Ari Schick, "Brain Death at Fifty, and the Next Fifty Years of Public Bioethics Debate"

This month's For the Record comes from Fellow-in-Residence Ari Schick, this year’s Tel Aviv University Exchange Fellow. Ari’s work focuses on speculative bioethics and the governance of emerging technologies.

Brain Death at Fifty and the Next Fifty Years of Public Bioethics Discourse
by Ari Schick

One aspect of my research examines how bioethics discourse has developed in relation to particular technologies and technological imaginaries, and more broadly, the past and continuing role of bioethics in addressing issues of broad public concern. One such issue, brain death, was recently the subject of the annual conference organized by Harvard Medical School’s Center for Bioethics, which I had the opportunity to attend.

The occasion for the conference’s theme was the 50th anniversary of the influential report, “A Definition of Irreversible Coma,” published in 1968 by the Ad Hoc Committee of the Harvard Medical School to Examine the Definition of Brain Death. Under the leadership of Henry Beecher, the Committee was organized in response to the new phenomenon of patients being kept on mechanical ventilators without signs of neurological functioning. The report paved the way for the establishment of laws that expanded the legal definition of death to  include the irreversible cessation of all brain function,which was pivotal in warranting the unilateral discontinuation of treatment in such cases and providing a moral and legal basis for harvesting vital organs from those declared brain dead.

The conference sought to examine the legacy of the report and the topic of brain death more generally, as well as related questions concerning organ donation. After introductory sessions on the history of the 1968 report, other reports that followed, and the Uniform Determination of Death Act (UDDA) formulated in their wake, the sessions highlighted the degree to which brain death has persisted as a topic notable for the extent to which its ethical and conceptual aspects remain highly contested, even as its legal import has largely been a settled matter.  It was therefore appropriate that current issues were foremost on the agenda, and the opening event was a public symposium on the tragic case of Jahi McMath, who is currently on a ventilator in New Jersey despite being declared dead by neurological criteria in California in 2013 (the declaration is currently being contested in court).

Among the critical issues addressed during the conference were whether the generally accepted criteria for diagnosing brain death meet the statutory requirements, whether states should allow exceptions to determinations of brain death based on the beliefs of the family (as the law does in New Jersey), and whether organs may be harvested from consenting donors with severe neurological injuries who do not fully meet brain death criteria. Throughout, it was evident that the most basic question remains a matter of deep disagreement: is the concept of brain death sound, or should it be abandoned? Alternately, is brain death questionable as a definition of the biological death of the human organism, but nonetheless a valid moral and legal boundary line that provides a reasonable basis for public policy and clinical decisions? The conference was notable for bringing together many influential figures in this debate over the past decades to offer their current thinking and respond to colleagues with dissenting views.

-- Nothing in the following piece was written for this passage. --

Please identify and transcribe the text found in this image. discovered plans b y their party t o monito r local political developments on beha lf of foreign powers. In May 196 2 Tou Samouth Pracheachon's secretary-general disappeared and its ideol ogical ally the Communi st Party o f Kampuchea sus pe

Even as these questions were at the forefront, implicitly a second fundamental issue was at play: the role of the broader public in formulating the laws and policies that define death and the conditions under which vital organs can be harvested. Fifty years ago, it was essentially taken for granted that the way to tackle such difficult questions was through the work of expert committees comprised of clinicians, lawyers, and, as bioethics emerged as a distinct field in the 1970s, professional ethicists, whose recommendations could be translated into public policy. Over the ensuing decades, during which bioethics matured as a field of study and practice, this remained the dominant model by which various official or authoritative bodies addressed what are regarded as bioethical issues. However, many at the conference appeared to endorse a rather different sensibility: that as practical questions touching on fundamental beliefs about the nature and value of human life arise, they should be addressed with significant public input. Such a notion stands in deep tension not only with the history of bioethics discourse, but with how it was constituted at that moment, mostly among clinicians and academics, in an auditorium at the Harvard Medical School.

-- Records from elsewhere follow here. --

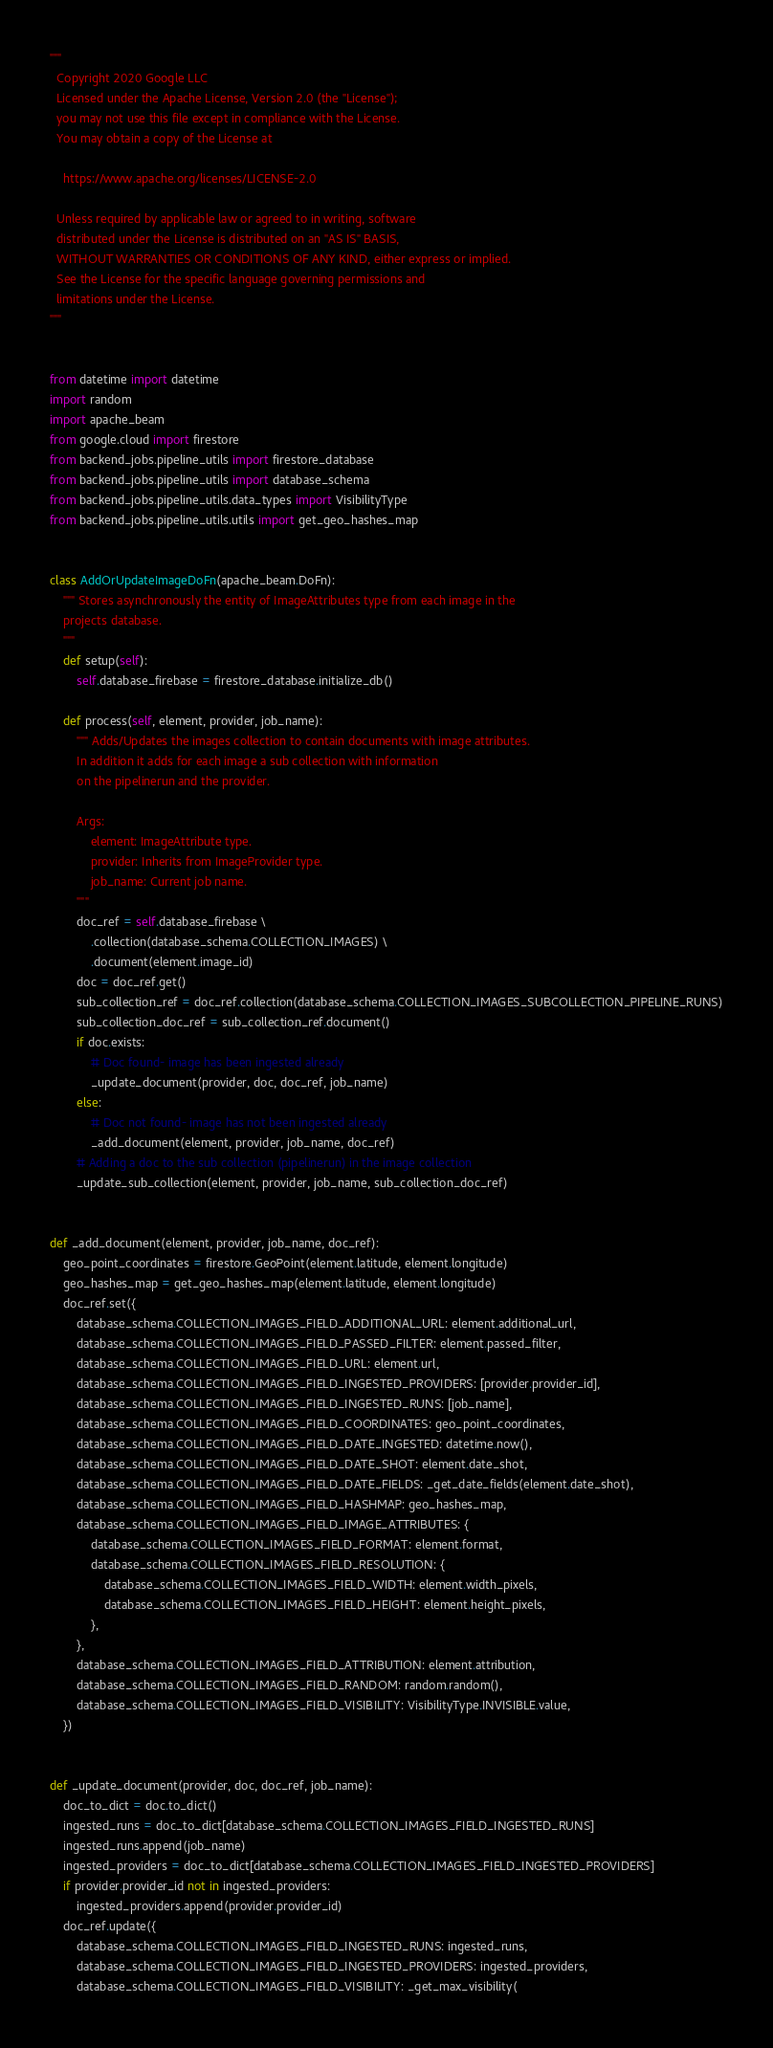Convert code to text. <code><loc_0><loc_0><loc_500><loc_500><_Python_>"""
  Copyright 2020 Google LLC
  Licensed under the Apache License, Version 2.0 (the "License");
  you may not use this file except in compliance with the License.
  You may obtain a copy of the License at

    https://www.apache.org/licenses/LICENSE-2.0

  Unless required by applicable law or agreed to in writing, software
  distributed under the License is distributed on an "AS IS" BASIS,
  WITHOUT WARRANTIES OR CONDITIONS OF ANY KIND, either express or implied.
  See the License for the specific language governing permissions and
  limitations under the License.
"""


from datetime import datetime
import random
import apache_beam
from google.cloud import firestore
from backend_jobs.pipeline_utils import firestore_database
from backend_jobs.pipeline_utils import database_schema
from backend_jobs.pipeline_utils.data_types import VisibilityType
from backend_jobs.pipeline_utils.utils import get_geo_hashes_map


class AddOrUpdateImageDoFn(apache_beam.DoFn):
    """ Stores asynchronously the entity of ImageAttributes type from each image in the
    projects database.
    """
    def setup(self):
        self.database_firebase = firestore_database.initialize_db()

    def process(self, element, provider, job_name):
        """ Adds/Updates the images collection to contain documents with image attributes.
        In addition it adds for each image a sub collection with information
        on the pipelinerun and the provider.

        Args:
            element: ImageAttribute type.
            provider: Inherits from ImageProvider type.
            job_name: Current job name.
        """
        doc_ref = self.database_firebase \
            .collection(database_schema.COLLECTION_IMAGES) \
            .document(element.image_id)
        doc = doc_ref.get()
        sub_collection_ref = doc_ref.collection(database_schema.COLLECTION_IMAGES_SUBCOLLECTION_PIPELINE_RUNS)
        sub_collection_doc_ref = sub_collection_ref.document()
        if doc.exists:
            # Doc found- image has been ingested already
            _update_document(provider, doc, doc_ref, job_name)
        else:
            # Doc not found- image has not been ingested already
            _add_document(element, provider, job_name, doc_ref)
        # Adding a doc to the sub collection (pipelinerun) in the image collection
        _update_sub_collection(element, provider, job_name, sub_collection_doc_ref)


def _add_document(element, provider, job_name, doc_ref):
    geo_point_coordinates = firestore.GeoPoint(element.latitude, element.longitude)
    geo_hashes_map = get_geo_hashes_map(element.latitude, element.longitude)
    doc_ref.set({
        database_schema.COLLECTION_IMAGES_FIELD_ADDITIONAL_URL: element.additional_url,
        database_schema.COLLECTION_IMAGES_FIELD_PASSED_FILTER: element.passed_filter,
        database_schema.COLLECTION_IMAGES_FIELD_URL: element.url,
        database_schema.COLLECTION_IMAGES_FIELD_INGESTED_PROVIDERS: [provider.provider_id],
        database_schema.COLLECTION_IMAGES_FIELD_INGESTED_RUNS: [job_name],
        database_schema.COLLECTION_IMAGES_FIELD_COORDINATES: geo_point_coordinates,
        database_schema.COLLECTION_IMAGES_FIELD_DATE_INGESTED: datetime.now(),
        database_schema.COLLECTION_IMAGES_FIELD_DATE_SHOT: element.date_shot,
        database_schema.COLLECTION_IMAGES_FIELD_DATE_FIELDS: _get_date_fields(element.date_shot),
        database_schema.COLLECTION_IMAGES_FIELD_HASHMAP: geo_hashes_map,
        database_schema.COLLECTION_IMAGES_FIELD_IMAGE_ATTRIBUTES: {
            database_schema.COLLECTION_IMAGES_FIELD_FORMAT: element.format,
            database_schema.COLLECTION_IMAGES_FIELD_RESOLUTION: {
                database_schema.COLLECTION_IMAGES_FIELD_WIDTH: element.width_pixels,
                database_schema.COLLECTION_IMAGES_FIELD_HEIGHT: element.height_pixels,
            },
        },
        database_schema.COLLECTION_IMAGES_FIELD_ATTRIBUTION: element.attribution,
        database_schema.COLLECTION_IMAGES_FIELD_RANDOM: random.random(),
        database_schema.COLLECTION_IMAGES_FIELD_VISIBILITY: VisibilityType.INVISIBLE.value,
    })


def _update_document(provider, doc, doc_ref, job_name):
    doc_to_dict = doc.to_dict()
    ingested_runs = doc_to_dict[database_schema.COLLECTION_IMAGES_FIELD_INGESTED_RUNS]
    ingested_runs.append(job_name)
    ingested_providers = doc_to_dict[database_schema.COLLECTION_IMAGES_FIELD_INGESTED_PROVIDERS]
    if provider.provider_id not in ingested_providers:
        ingested_providers.append(provider.provider_id)
    doc_ref.update({
        database_schema.COLLECTION_IMAGES_FIELD_INGESTED_RUNS: ingested_runs,
        database_schema.COLLECTION_IMAGES_FIELD_INGESTED_PROVIDERS: ingested_providers,
        database_schema.COLLECTION_IMAGES_FIELD_VISIBILITY: _get_max_visibility(</code>

The 50th anniversary of the Committee’s report therefore offers an opportunity to reflect not only on the legacy of its new definition of death, but on the legacy of bioethics itself and how it contributes to addressing both “legacy” issues and those that will emerge over the coming decades as extraordinary technological possibilities come closer to being realized. The discourse on brain death—in which the apparent robustness of an initial expert consensus has come to appear problematically thin in places—gives us some indication of the need for a mode of policy-oriented bioethics that proceeds with a different understanding of its role in advancing public conversations at the intersection of biomedicine, ethics, and public policy.

I don’t claim to know exactly what that role ought to be. I believe that expert contributions to rigorous conceptual, legal, and ethical analysis are important, as is substantive, sustained public participation. I do know that as difficult as it may be to integrate the two in theory, it will be far harder in practice. We’d better start trying.